Tridentopsis

Scientific classification
- Kingdom: Animalia
- Phylum: Chordata
- Class: Actinopterygii
- Order: Siluriformes
- Family: Trichomycteridae
- Subfamily: Tridentinae
- Genus: Tridentopsis Myers, 1925
- Type species: Tridentopsis pearsoni Myers, 1925

= Tridentopsis =

Genus of fishes

Tridentopsis is a genus of freshwater ray-finned fishes belonging to the family Trichomycteridae, the pencil and parasitic catfishes, and the subfamily Tridentinae, the pygmy pencil catfishes.
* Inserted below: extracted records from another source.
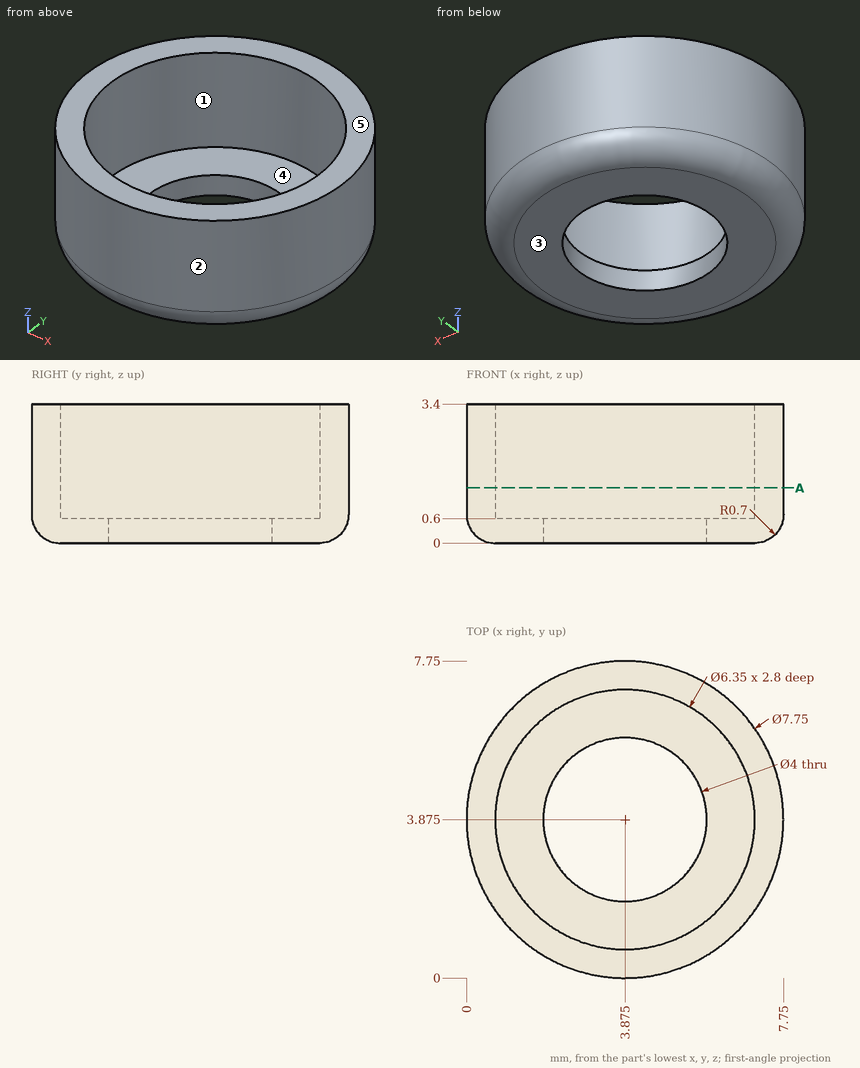
Design review of the part shown in the three views and the two pictorial views. Dimensions are in mm from the part's minimum x, y and z. A direction names the side the tool comes from. Give positions to 0.01 mm unless a question says otherwise; leave off trailing zeros. Order: outer loops, then holes, each group sorted by start corner. A loop starts at its lowest first (then second) coordinate and runs counter-clockwise, first axis right, second up. Notation, with made-up numbers: M -31,-40 L -15,-40 A14 ccw -15,-33 Z; hole C 37,80.5 d1. An arc over 180 degrees is marked long. Answer in a Markdown table with one row per item. Add a question column.
(1) For pin 1 (2.5 mm diameter, centred on x = 3.875, y = 3.875, fed in from -Z); pin 2 (1 mm diameter, centred on y = 4.5, z = 3, fed in from +X); pin 3 (2 mm diameter, centred on x = 6, z = 1, fed in from +Y); pin 4 (1.5 mm diameter, centred on x = 3.5, y = 7, fed in from -Z), all flat-tipped, find the tip position at first contact; note any pin that passes through.
(2) Mouldability with a two-part tool opening along Y and no side actions: class the marked faces 1, 2 and 3 as +Y half, -Y half, draft (parallel to the pull), parting line (faces both ways), or undercut.
(3) Wall thickness on probe 1 along Y at (x, z) = (4, 1.9); probe 2 along Z at (x, y) = (1.25, 3.5); probe 3 along X at (y, z) = (5.25, 1.3): over which ranges is each line inside the solid? List them lowest first. Write a range as [from, to].
(4) For the marked faces 4 and 5, list the 3-axis set-ups (+Z, -Z, +X, -X, +Y, -Y) from which the entire face can be reached by the end or side of a thin tool; tool diameter is ignored.
(5) Consider section A-A on z = 1.35. State the section outline as (x, y) points (3 decimals), and give its area (3 significant figures).
Evaluation:
| question | item | result |
|---|---|---|
| 1 | pin 1 | passes through |
| 1 | pin 2 | stops at x = 7.75 |
| 1 | pin 3 | stops at y = 7.58 |
| 1 | pin 4 | stops at z = 0 |
| 2 | face 1 | undercut |
| 2 | face 2 | parting line |
| 2 | face 3 | draft |
| 3 | probe 1 | y = [0, 0.7], [7.05, 7.75] |
| 3 | probe 2 | z = [0, 0.6] |
| 3 | probe 3 | x = [0.25, 1.01], [6.74, 7.5] |
| 4 | face 4 | +Z |
| 4 | face 5 | +Z, +X, -X, +Y, -Y |
| 5 | outline | C 3.875,3.875 d7.75; hole C 3.875,3.875 d6.35 |
| 5 | area | 15.5 mm^2 |
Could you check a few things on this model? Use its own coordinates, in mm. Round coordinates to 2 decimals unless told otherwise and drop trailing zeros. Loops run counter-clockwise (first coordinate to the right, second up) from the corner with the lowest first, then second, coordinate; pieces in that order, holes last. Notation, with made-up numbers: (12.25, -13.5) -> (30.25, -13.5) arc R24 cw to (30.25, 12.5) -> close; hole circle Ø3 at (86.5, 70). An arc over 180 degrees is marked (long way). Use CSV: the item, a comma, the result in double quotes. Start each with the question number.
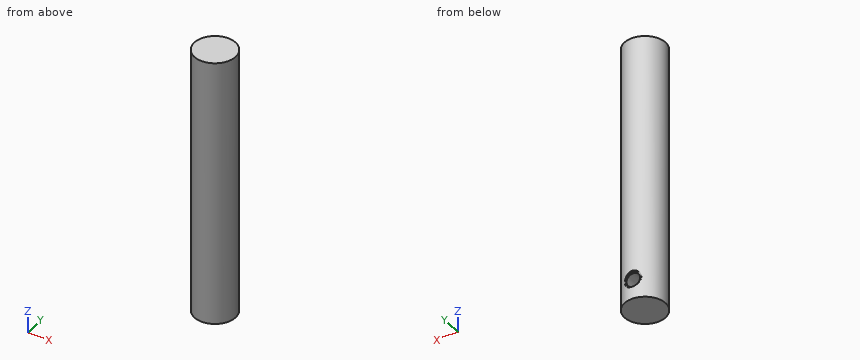
```python
from build123d import *

# Parameters (mm, degrees)
SKETCH_1_W             = 5
SKETCH_1_H             = 65
SKETCH_2_R             = 2
CUT_EXTRUDE_1_DEPTH    = 0.5
HOLE_WIZARD_M4_2_D     = 3.3
HOLE_WIZARD_M4_2_DEPTH = 5
HOLE_WIZARD_M4_2_TIP   = 0.991420021


with BuildPart() as part:
    # 草圖1 → 旋轉1 (revolve)
    with BuildSketch(Plane(origin=(0, 0, 0), x_dir=(1, 0, 0), z_dir=(0, 1, 0))):
        with Locations((2.5, 32.5)):
            Rectangle(SKETCH_1_W, SKETCH_1_H)
    revolve(axis=Axis((0, 0, 16.74665181), (0, 0, -1)))

    # 草圖2 → 除料-伸長1 (cut)
    with BuildSketch(Plane(origin=(0, 5, 0), x_dir=(1, 0, 0), z_dir=(0, 1, 0))):
        with Locations((0, 60)):
            Circle(SKETCH_2_R)
    extrude(amount=-CUT_EXTRUDE_1_DEPTH, mode=Mode.SUBTRACT)

    # M4 螺紋孔2
    with Locations(Plane(origin=(0, 4.5, -60), x_dir=(0, 0, 1), z_dir=(0, 1, 0))):
        with Locations((0, 0)):
            Hole(HOLE_WIZARD_M4_2_D / 2, depth=HOLE_WIZARD_M4_2_DEPTH)
            with Locations((0, 0, -(HOLE_WIZARD_M4_2_DEPTH + HOLE_WIZARD_M4_2_TIP / 2))):  # 118° drill point
                Cone(0, HOLE_WIZARD_M4_2_D / 2, HOLE_WIZARD_M4_2_TIP, mode=Mode.SUBTRACT)


solid = part.part
```
1. Suppose I cut it at A-A (y = 2.25). List the corners of the cut face in (x, z) for me, then the cut area to 3 significant figures.
2. Suppose I cut it at C-C (z = -54). List the corners of the cut face in (x, y) for me, then the cut area to 3 significant figures.
3. Suppose I cut it at D-D (x = 3.75). List the corners of the cut face in (y, z) for me.
4. Suppose I cut it at B-B (x = -4). List the corners of the cut face in (y, z) for me, then the cut area to 3 significant figures.
5. If I drill on L1, parallel to Z at x = 0, y = 4.7; L2, parallel to Z at x = 0, y = 0.95; L3, parallel to X at y = 1.4, z = -60, over which ranges is the centre line in solid material (lowest first)?
6. Will these pins go through, and if not, where does the flat tip stop? pin 1 (2 mm diameter, centred on x = -1.5, z = -10, fed in from -Y); pin 2 (3 mm diameter, centred on y = -2.5, z = -8.5, fed in from +X); pin 3 (6 mm diameter, centred on x = -4, z = -26, fed in from +Y).
Geometry check:
1,outline,"(-4.47, -65) -> (4.47, -65) -> (4.47, 0) -> (-4.47, 0) -> close; hole circle Ø3.3 at (0, -60)"
1,area,"572 mm²"
2,outline,"circle Ø10 at (0, 0)"
2,area,"78.5 mm²"
3,outline,"(-3.31, -65) -> (3.31, -65) -> (3.31, 0) -> (-3.31, 0) -> close"
4,outline,"(-3, -65) -> (3, -65) -> (3, 0) -> (-3, 0) -> close"
4,area,"390 mm²"
5,L1,"z = -65 to -62, -58 to 0"
5,L2,"z = -65 to -61.65, -58.35 to 0"
5,L3,"x = -4.8 to -1.65, 1.65 to 4.8"
6,pin 1,"stops at y = -4.97"
6,pin 2,"stops at x = 4.9"
6,pin 3,"stops at y = 4.9"

The catfishes in this genus are found in South America.

==Species==
There are currently four recognized species in this genus:
- Tridentopsis brevis (C. H. Eigenmann & R. S. Eigenmann, 1889)
- Tridentopsis cahuali Azpelicueta, 1990
- Tridentopsis pearsoni Myers, 1925
- Tridentopsis tocantinsi La Monte, 1939

Tridensimilis brevis is distributed in the Amazon River basin in Brazil, while T. cahuali originates from the Paraguay River basin in Argentina. T. pearsoni inhabits the upper Amazon River basin in Bolivia. T. tocantinsi lives in the Tocantins River basin in Brazil. Tridentopsis species grow to about 2.2 to 3 cm SL.